■ DATASET SECTION
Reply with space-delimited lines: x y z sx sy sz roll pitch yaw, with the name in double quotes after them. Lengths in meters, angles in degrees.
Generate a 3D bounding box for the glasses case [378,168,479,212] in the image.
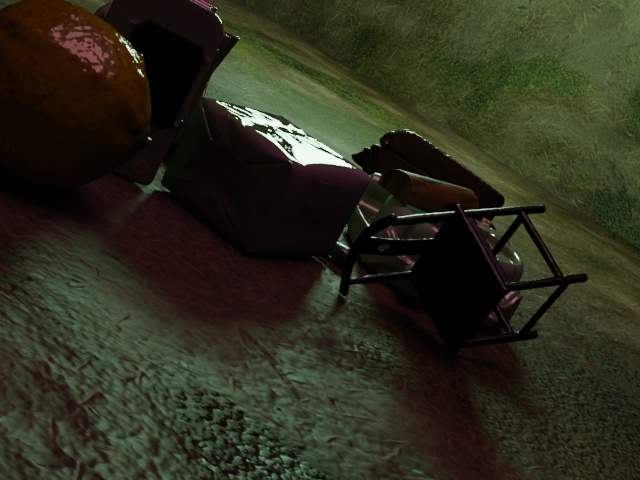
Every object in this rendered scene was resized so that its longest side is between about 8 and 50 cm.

■ PROMPT
Word for word, repeat only the lines from the line containing "Generate a 3D" through the end of the data, without any pictures.

■ ANSWER SPACE
Generate a 3D bounding box for the glasses case [378,168,479,212] in the image.
Every object in this rendered scene was resized so that its longest side is between about 8 and 50 cm.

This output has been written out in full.